Di-deuterated ethyl linoleate (also known as RT001, di-deuterated linoleic acid ethyl ester, 11,11-d2-ethyl linoleate, or ethyl 11,11-d2-linoleate) is an experimental, orally-bioavailable synthetic deuterated polyunsaturated fatty acid (PUFA), a part of reinforced lipids.  It is an isotopologue of linoleic acid, an essential omega-6 PUFA. The deuterated compound, while identical to natural linoleic acid except for the presence of deuterium, is resistant to lipid peroxidation which makes studies of its cell-protective properties worthwhile.

Mechanism of action

Di-deuterated linoleic acid is recognized by cells as identical to the natural linoleic acid. But when taken up, it is converted into 13,13-d2-arachidonic acid, a heavy isotope version of arachidonic acid, that gets incorporated into lipid membranes.
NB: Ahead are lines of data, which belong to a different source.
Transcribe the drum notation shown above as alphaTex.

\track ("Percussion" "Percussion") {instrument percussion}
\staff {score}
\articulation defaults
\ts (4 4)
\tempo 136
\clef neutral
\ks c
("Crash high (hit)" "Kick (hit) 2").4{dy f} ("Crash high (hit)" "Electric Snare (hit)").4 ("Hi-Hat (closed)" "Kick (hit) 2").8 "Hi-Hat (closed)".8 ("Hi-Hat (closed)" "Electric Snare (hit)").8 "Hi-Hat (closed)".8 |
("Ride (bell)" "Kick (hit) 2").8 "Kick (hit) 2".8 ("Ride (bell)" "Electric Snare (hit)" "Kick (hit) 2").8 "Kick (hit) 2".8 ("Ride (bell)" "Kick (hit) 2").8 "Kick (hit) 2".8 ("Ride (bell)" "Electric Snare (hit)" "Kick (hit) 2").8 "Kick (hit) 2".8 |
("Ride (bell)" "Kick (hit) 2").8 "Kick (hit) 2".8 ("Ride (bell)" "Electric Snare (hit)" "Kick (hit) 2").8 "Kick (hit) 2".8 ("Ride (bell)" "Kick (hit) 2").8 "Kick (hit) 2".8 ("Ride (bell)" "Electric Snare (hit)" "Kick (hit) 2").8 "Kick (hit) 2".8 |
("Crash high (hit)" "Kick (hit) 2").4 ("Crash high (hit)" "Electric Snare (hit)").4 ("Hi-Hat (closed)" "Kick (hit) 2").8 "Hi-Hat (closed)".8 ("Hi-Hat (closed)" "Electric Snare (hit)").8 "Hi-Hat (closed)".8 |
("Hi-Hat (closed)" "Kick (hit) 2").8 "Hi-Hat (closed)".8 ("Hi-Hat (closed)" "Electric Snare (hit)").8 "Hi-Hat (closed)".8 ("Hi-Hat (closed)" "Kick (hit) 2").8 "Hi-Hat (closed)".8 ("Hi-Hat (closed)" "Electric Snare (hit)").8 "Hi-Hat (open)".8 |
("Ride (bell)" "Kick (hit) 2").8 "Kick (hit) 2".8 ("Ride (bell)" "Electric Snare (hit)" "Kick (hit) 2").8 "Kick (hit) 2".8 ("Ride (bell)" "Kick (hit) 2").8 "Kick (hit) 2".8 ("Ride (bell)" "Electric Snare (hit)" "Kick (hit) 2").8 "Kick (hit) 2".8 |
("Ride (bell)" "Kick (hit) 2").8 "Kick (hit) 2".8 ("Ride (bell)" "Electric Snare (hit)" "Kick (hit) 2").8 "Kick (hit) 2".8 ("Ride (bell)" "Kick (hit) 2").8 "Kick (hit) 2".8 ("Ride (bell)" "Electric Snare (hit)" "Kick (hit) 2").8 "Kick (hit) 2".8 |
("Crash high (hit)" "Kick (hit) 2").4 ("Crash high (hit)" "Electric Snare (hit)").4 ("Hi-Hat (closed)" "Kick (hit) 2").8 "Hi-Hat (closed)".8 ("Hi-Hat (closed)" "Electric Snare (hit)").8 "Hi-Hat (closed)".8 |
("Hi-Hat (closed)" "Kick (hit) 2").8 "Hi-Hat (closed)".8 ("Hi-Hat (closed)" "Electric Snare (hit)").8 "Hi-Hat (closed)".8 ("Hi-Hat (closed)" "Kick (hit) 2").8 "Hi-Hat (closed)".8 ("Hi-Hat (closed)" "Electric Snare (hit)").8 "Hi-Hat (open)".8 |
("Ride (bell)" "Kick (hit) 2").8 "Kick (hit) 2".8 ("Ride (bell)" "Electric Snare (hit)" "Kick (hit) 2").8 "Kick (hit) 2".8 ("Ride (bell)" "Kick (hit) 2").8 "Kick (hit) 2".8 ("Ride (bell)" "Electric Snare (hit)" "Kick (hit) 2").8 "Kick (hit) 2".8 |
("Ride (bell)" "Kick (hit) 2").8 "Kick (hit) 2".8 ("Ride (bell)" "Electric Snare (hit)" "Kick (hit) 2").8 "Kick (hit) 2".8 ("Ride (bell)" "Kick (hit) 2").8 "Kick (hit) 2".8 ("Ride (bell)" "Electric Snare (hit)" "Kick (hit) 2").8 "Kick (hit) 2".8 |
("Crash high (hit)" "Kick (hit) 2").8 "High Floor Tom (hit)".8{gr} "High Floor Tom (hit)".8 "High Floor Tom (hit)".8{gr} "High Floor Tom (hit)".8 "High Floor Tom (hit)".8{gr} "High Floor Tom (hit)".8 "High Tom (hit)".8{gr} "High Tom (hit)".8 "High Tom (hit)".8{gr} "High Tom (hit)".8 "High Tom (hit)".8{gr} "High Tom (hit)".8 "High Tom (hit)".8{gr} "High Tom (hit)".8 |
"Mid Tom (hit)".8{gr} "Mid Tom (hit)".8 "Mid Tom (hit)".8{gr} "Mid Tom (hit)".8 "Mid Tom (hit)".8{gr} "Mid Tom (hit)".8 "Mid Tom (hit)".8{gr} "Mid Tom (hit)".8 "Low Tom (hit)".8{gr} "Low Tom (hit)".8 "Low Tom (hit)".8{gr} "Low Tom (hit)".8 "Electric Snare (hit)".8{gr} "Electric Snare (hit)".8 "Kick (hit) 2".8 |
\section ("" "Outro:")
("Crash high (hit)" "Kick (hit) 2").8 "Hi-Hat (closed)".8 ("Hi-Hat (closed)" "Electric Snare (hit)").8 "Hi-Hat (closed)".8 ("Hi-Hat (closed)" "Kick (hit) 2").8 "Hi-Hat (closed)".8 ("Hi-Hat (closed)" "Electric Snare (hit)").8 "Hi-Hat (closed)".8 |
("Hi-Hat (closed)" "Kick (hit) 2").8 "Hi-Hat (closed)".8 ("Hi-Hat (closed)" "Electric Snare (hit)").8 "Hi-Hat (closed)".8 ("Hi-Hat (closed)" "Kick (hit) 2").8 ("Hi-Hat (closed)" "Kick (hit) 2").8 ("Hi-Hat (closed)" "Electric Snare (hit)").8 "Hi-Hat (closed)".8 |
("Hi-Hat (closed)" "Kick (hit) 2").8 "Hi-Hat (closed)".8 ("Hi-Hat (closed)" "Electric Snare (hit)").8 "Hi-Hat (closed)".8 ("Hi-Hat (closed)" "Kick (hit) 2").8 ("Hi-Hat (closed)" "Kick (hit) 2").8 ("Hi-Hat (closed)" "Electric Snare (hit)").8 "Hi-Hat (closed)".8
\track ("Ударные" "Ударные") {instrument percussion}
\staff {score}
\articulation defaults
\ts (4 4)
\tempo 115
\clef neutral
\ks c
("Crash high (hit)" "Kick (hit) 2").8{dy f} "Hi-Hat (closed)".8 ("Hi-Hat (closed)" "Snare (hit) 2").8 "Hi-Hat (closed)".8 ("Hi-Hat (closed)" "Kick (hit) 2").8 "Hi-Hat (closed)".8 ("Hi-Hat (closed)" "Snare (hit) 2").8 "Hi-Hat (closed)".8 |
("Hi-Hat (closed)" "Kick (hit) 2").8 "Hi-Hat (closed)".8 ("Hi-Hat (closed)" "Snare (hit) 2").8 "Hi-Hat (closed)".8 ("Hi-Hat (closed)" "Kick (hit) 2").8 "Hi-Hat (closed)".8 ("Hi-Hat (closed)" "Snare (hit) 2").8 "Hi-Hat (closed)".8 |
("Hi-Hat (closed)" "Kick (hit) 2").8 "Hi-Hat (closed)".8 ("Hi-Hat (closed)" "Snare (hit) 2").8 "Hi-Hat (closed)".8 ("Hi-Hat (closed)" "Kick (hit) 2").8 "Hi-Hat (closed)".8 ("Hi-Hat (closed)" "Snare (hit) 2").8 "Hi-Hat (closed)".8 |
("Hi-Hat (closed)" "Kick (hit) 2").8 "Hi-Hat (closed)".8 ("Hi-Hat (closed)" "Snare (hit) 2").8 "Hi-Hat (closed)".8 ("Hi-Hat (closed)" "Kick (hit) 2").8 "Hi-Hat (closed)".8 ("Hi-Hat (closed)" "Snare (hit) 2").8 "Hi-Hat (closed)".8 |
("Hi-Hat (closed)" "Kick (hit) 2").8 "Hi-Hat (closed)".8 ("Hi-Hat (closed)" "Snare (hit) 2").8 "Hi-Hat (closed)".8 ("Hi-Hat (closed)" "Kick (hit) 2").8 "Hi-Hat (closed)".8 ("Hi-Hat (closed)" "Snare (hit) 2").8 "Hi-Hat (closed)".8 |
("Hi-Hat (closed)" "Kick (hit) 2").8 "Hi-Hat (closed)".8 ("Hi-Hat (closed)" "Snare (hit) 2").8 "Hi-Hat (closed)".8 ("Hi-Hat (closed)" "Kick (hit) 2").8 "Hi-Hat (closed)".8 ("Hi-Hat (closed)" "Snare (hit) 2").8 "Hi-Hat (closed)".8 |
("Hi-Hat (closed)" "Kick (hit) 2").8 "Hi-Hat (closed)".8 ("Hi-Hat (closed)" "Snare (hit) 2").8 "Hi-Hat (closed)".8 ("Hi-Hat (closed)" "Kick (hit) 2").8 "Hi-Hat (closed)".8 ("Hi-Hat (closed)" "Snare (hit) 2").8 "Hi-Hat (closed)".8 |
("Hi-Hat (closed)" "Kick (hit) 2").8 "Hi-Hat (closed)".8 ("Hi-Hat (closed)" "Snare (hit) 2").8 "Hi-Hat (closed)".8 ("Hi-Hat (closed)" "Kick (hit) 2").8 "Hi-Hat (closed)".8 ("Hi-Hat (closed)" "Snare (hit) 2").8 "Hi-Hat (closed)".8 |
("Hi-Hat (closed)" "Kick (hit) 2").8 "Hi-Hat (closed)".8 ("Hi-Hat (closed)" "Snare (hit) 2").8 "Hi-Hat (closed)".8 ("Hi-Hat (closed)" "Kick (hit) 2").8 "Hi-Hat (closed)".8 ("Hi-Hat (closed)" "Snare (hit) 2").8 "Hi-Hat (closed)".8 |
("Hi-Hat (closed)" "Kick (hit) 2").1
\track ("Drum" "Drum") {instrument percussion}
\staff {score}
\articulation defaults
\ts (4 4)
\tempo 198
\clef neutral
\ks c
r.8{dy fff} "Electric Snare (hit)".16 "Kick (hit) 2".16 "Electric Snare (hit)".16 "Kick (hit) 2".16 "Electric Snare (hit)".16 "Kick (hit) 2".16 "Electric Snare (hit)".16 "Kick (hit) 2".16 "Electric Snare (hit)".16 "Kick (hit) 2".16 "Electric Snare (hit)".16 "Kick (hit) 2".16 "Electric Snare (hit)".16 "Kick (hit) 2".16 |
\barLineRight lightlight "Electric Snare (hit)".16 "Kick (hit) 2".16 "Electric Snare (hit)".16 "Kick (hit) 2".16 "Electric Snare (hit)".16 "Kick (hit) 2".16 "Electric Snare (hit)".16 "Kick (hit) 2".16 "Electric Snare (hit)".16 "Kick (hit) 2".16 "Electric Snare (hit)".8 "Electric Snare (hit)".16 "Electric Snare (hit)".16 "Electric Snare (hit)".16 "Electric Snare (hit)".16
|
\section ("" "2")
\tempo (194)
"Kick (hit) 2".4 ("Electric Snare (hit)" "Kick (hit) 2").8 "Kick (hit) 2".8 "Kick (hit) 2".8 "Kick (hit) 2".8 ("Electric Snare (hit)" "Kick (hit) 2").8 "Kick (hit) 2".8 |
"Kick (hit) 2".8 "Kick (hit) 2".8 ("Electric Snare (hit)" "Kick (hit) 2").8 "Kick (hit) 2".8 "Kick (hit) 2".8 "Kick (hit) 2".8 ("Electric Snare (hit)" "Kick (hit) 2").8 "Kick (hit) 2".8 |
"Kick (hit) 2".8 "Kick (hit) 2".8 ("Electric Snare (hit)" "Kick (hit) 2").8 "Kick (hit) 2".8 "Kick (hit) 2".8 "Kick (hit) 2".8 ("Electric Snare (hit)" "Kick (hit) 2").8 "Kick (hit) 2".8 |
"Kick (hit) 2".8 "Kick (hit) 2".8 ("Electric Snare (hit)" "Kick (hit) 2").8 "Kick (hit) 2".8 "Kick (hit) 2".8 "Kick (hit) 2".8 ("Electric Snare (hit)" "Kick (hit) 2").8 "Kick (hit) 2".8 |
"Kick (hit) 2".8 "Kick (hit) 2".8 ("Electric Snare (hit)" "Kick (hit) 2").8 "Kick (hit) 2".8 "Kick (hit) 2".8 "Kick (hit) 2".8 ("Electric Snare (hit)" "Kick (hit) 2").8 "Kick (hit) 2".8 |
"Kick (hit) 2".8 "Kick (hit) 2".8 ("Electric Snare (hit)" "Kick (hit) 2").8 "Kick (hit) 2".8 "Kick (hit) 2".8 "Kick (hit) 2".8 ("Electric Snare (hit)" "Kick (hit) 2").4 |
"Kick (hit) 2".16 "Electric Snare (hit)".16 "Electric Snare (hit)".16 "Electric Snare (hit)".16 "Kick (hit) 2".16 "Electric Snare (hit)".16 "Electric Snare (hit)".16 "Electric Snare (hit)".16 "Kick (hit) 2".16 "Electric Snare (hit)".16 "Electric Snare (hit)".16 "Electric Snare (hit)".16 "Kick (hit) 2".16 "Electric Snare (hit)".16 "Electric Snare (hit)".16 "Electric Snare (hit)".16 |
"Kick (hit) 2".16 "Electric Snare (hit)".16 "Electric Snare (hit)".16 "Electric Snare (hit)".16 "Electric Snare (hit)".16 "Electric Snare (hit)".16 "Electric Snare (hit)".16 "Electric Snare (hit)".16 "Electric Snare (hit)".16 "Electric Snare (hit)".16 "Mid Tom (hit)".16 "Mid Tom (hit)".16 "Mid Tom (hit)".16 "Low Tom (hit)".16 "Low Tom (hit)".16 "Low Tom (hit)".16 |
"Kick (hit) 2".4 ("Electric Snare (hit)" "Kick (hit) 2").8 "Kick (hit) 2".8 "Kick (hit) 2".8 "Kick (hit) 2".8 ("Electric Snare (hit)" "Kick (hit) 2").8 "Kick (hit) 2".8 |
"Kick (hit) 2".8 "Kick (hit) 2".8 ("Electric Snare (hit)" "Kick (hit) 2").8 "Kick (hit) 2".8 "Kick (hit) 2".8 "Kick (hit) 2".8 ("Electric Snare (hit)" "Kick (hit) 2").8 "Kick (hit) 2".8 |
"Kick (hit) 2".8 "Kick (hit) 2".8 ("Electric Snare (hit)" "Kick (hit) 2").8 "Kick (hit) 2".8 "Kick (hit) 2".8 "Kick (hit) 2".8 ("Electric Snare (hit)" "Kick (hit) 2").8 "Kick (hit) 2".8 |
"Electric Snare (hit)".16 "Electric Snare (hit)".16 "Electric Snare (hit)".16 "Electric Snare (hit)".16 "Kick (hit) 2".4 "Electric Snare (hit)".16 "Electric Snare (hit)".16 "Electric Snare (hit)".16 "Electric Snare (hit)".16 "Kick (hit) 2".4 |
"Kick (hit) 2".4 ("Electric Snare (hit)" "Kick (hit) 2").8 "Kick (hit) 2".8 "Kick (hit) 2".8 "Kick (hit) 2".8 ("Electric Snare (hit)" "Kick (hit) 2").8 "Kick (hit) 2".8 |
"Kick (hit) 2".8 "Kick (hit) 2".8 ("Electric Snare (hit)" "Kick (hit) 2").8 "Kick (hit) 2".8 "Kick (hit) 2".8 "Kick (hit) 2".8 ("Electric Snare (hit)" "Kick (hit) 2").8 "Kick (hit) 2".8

The deuterated compound resists the non-enzymatic lipid peroxidation (LPO) through isotope effect — a non-antioxidant based mechanism that protects mitochondrial, neuronal and other lipid membranes, thereby greatly reducing the levels of numerous LPO-derived toxic products such as reactive carbonyls.

Clinical development

Friedreich's ataxia 
A double-blind comparator-controlled Phase I/II clinical trial for Friedreich's ataxia, sponsored by Retrotope and Friedreich's Ataxia Research Alliance, was conducted to determine the safety profile and appropriate dosing for consequent trials. RT001 was promptly absorbed and was found to be safe and tolerable over 28 days at the maximal dose of 9 g/day. It improved peak workload and peak oxygen consumption in the test group compared to the control group who received the equal doses of normal, non-deuterated ethyl linoleate. Another randomised, double-blind, placebo-controlled clinical study began in 2019.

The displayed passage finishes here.